I was off of the bike for 2 months last summer with IT issues. I traced it to a low saddle height and narrow q-factor on my road bike. I could ride the mtb without pain but it would come right back on the road bike. I raised the saddle and set the pedals out 10mm to get them closer to the mtb setup. I've been racing and training for the past 3 or 4 months without issue and I'm stronger than I was before the pain. I found that time off the bike was the only cure.


----------



## Flyer (Jan 25, 2004)

I was having terrible pain and went to an Ortho surgeon to get checked out but he recommended stretches. The stretches are tough and take time but they work if you make the effort. They are the hardest ones to do but daily stretches has made me relatively pain-free.

One most people do not know about is simply sitting cross-legged (as in a Yoga position). When in that position take the painful leg and put that foot over the other thigh. Pull the foot up higher till you feel the stretch and leave for a minute. You can also lean forward to stretch the hip. 

There is no denying that these stretches just suck but they do work. Also, there is one that folds your leg below your abs. I do this on the stairs (I put the folded leg up on stair 3 or 4) to get a better stretch- also works and also freaking painful. It gets the leg/hips to stretch more though.


----------



## dankilling (Feb 24, 2004)

Yep, got some here too. Bike fit is huge, as is daily stretching. I also use 'the stick' to self-massage and that tends to calm down bigger flare-ups, but really the biggest thing is to rest. You cant force this one into submission, once it is irritated, it just takes time to calm it back down. Mine happened because I tried to increase my running distance too fast, and apparently my right heel should have a wedge under it because of alignment issues from an ankle break that was several years ago. My PT also recommended deep-tissue massage which hurts like hell but seems to work out the toughest knots. Good luck.


----------



## agvariant (Apr 14, 2007)

The best way to find out the cause would be to see a Physical Therapist. But the easiest DIY way is to find a foam roller. It is painful and torturous but effective. Here is a web link from a goog search I performed: "foam roller for ITB"


----------



## agvariant (Apr 14, 2007)

Oops did not include link: http://www.youcanbefit.com/ROLLER.pdf


----------



## road dirt (Feb 17, 2007)

I'm finding that a great stretch is one where I start by laying flat on my back, with knees bent and feet flat on the floor. From there I cross my legs so the back of my right calf would rest on the outside of my left knee and vise-versa. Then 'drop' or 'push' or 'rest' the top leg down toward the floor stretching the opposing IT band. Both legs fall to the side. You'll feel this in your low back if it's tight too. As your back loosens up you'll feel it in your IT band. I tend to feel it quite a bit in my low back when my legs are 'falling' to the right, and right away in my right IT when my legs fall to the left. An inbalance I am working through. I hope this helps without having a picture to show. During recent PT I learned this one and it has helped a lot. I use a roller also. The thing friggin' hurts but works.


----------



## BushPilot (Aug 29, 2007)

*Kneesavers*

www.bikescor.com/product/knee.htm

I do stretches and I've been using these for the past year or so between my pedals and the crank arm -- without them I don't think I would have been able to stay on the bike. They're 20mm each, so a little wide stance for some people, but like I said they work for me. Better than not riding for sure.


----------



## monogod (Feb 10, 2006)

some info and stretches here


----------



## PUBCRAWL (Feb 9, 2007)

Thanks for the replies everyone.


----------



## zx6roxy (Nov 20, 2007)

Stretching it with a foam roller helps...but it is really painful.
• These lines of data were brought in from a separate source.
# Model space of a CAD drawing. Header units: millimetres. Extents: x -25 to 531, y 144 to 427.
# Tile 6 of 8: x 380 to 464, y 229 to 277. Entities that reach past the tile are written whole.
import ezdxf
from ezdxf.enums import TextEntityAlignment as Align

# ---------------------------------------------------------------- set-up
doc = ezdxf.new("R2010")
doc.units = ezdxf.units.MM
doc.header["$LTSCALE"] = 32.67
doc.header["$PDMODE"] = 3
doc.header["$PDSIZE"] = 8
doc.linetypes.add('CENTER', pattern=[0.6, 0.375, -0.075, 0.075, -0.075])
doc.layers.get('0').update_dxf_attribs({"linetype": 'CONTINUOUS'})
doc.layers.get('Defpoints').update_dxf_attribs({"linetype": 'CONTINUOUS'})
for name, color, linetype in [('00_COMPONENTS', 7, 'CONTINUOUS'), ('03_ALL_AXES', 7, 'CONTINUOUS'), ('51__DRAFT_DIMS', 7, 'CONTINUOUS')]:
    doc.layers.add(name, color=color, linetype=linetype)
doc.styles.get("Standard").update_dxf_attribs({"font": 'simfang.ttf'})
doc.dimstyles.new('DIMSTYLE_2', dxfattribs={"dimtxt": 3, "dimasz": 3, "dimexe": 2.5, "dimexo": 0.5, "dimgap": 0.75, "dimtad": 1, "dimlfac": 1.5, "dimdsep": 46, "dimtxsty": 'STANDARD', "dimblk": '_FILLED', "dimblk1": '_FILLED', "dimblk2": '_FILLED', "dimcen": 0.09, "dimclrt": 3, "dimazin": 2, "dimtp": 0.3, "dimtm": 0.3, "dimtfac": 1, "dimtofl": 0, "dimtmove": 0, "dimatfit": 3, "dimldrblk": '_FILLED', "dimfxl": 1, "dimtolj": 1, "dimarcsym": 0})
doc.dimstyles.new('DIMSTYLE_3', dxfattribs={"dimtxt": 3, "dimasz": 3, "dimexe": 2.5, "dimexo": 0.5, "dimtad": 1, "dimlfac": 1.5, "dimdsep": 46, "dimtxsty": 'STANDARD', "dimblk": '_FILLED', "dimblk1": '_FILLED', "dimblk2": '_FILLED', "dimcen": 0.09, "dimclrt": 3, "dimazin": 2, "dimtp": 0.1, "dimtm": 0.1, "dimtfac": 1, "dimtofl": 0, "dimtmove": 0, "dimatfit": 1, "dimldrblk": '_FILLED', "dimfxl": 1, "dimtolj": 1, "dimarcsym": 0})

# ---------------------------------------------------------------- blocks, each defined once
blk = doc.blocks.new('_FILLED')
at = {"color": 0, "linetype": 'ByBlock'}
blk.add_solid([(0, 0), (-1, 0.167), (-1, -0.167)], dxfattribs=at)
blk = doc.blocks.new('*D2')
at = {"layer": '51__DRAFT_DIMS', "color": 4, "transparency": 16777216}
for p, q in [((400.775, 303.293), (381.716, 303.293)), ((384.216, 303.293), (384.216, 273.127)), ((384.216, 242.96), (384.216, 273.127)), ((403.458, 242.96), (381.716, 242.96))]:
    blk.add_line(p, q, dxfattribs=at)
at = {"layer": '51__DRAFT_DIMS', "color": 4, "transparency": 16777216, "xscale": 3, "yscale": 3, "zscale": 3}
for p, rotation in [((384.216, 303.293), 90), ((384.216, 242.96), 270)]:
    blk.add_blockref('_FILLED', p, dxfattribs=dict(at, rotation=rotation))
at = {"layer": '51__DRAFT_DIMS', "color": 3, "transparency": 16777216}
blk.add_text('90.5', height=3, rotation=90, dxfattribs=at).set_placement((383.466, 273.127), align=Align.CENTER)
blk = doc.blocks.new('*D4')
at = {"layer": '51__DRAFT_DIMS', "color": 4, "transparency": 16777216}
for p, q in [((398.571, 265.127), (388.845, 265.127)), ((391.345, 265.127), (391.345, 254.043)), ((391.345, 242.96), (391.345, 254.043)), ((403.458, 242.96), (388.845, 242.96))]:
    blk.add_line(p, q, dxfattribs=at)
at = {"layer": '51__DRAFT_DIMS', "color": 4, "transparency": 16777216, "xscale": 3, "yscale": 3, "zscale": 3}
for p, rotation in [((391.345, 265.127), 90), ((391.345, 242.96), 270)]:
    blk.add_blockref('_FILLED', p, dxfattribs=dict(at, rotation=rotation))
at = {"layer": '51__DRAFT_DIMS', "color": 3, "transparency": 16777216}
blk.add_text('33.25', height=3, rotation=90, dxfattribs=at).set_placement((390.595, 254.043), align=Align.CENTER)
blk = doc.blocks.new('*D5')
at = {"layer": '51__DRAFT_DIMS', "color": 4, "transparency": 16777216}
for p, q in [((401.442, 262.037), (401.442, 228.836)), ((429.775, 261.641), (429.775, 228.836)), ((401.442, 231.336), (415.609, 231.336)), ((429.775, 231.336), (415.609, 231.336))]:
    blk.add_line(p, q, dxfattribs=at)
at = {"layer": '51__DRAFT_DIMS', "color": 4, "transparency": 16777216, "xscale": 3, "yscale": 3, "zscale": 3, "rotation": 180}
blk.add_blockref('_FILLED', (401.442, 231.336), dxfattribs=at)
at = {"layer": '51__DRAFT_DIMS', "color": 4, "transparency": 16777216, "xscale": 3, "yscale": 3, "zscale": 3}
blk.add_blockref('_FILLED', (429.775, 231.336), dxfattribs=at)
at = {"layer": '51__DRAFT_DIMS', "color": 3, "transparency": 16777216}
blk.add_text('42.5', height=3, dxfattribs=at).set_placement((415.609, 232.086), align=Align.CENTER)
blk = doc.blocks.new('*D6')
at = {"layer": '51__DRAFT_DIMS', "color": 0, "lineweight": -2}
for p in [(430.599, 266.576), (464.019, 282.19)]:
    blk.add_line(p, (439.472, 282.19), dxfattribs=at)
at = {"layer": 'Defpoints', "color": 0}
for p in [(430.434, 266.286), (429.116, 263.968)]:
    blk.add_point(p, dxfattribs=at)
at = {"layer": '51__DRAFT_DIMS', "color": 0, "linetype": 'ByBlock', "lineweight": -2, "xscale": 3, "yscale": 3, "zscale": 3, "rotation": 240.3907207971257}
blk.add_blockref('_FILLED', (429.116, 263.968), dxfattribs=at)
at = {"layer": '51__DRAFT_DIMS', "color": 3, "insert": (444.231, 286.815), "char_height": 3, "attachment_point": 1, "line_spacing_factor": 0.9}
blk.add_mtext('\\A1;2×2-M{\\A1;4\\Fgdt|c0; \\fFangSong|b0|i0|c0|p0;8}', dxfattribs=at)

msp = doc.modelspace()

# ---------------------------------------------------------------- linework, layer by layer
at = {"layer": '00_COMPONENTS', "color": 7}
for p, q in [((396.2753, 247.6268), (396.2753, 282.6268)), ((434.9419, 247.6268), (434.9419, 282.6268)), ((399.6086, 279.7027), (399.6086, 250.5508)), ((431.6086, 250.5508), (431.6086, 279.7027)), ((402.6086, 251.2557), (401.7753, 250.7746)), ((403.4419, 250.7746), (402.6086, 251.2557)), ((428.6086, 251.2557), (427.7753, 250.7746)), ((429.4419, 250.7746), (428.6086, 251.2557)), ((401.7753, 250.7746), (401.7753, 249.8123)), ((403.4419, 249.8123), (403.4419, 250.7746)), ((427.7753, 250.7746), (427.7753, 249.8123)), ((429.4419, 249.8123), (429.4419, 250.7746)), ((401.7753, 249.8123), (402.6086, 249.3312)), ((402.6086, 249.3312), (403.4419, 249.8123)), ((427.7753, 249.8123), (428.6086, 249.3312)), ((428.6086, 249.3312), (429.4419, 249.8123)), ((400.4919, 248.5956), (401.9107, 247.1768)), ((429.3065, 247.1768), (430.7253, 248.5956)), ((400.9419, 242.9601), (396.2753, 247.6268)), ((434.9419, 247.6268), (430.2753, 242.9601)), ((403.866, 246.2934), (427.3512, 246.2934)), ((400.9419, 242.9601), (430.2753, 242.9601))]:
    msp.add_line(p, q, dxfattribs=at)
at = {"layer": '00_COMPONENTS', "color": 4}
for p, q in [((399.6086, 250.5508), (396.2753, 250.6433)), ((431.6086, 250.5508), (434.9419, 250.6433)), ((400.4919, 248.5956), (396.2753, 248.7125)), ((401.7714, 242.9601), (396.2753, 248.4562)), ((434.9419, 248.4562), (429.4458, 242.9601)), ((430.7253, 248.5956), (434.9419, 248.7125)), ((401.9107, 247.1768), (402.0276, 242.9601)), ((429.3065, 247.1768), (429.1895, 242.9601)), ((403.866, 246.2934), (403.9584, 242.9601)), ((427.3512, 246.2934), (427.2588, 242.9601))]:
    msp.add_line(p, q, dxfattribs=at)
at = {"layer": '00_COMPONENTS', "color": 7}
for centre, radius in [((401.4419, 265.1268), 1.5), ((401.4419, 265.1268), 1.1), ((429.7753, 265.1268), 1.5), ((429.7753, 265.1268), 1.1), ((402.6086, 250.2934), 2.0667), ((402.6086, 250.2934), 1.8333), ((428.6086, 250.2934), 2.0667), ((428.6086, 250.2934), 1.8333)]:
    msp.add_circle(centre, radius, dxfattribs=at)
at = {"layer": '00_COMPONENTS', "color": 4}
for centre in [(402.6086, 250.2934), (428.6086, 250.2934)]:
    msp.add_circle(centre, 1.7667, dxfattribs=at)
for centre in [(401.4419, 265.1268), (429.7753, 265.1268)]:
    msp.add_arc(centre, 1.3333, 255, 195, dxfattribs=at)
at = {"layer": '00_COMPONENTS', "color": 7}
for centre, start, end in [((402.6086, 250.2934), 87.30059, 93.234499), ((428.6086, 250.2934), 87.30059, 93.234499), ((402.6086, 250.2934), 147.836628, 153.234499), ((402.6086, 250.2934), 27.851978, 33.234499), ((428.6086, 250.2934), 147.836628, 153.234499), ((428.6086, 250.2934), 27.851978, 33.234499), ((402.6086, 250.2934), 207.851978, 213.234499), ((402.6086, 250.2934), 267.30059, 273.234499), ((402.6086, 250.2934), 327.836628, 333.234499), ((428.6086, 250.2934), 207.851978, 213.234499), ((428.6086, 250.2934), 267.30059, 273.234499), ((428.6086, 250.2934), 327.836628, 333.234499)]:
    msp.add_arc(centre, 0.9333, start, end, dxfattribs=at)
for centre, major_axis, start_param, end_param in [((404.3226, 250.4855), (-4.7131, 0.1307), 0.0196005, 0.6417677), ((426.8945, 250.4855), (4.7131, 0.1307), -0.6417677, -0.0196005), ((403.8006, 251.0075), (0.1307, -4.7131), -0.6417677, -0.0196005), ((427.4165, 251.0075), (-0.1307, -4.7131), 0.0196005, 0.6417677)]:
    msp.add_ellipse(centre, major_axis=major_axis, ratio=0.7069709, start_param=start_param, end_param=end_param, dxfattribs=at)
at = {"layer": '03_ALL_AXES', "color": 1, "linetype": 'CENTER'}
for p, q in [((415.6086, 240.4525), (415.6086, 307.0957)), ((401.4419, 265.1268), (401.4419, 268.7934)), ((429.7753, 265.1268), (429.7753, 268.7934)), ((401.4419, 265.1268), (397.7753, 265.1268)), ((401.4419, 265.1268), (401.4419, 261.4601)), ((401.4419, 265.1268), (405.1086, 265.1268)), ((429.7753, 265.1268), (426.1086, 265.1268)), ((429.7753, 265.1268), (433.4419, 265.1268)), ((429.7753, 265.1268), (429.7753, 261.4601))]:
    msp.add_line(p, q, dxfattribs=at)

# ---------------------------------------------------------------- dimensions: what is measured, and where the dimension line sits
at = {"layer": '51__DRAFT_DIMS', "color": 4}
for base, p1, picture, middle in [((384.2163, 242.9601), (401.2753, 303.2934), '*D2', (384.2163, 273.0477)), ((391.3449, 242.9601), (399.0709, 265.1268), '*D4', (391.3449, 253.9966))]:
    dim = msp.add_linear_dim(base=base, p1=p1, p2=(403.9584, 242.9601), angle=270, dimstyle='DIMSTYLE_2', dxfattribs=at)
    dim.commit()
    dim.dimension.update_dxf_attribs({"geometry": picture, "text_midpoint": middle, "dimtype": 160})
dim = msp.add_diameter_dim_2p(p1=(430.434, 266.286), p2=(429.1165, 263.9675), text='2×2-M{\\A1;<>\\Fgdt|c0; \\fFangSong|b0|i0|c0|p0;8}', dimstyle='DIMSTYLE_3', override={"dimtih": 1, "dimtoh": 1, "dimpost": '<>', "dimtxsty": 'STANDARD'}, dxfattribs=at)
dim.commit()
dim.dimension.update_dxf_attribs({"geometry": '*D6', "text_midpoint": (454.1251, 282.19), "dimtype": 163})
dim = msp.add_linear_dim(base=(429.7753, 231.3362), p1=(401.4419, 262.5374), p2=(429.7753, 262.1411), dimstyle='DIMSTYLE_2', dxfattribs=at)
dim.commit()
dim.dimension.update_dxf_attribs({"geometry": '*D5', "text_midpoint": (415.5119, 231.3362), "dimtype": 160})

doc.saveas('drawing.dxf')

I dealt with IT band issues during my first triathlon season. 

Frequent stretching and running on even terrain minimized the occurence.


----------



## PUBCRAWL (Feb 9, 2007)

thanks again for all the replies.

I was wondering if anyone had a good source for information on proper Mountain Bike fitting. I'd prefer something free online if possible.


----------



## monogod (Feb 10, 2006)

PUBCRAWL said:


> thanks again for all the replies.
> 
> I was wondering if anyone had a good source for information on proper Mountain Bike fitting. I'd prefer something free online if possible.


you can do basic bit fitting yourself or with the help of a friend. but for a more comprehensive fit you MUST have a professional fit you.

here and here great articles on the basics of bike fit. if you ride a double boinger it makes seat height fit a little trickier.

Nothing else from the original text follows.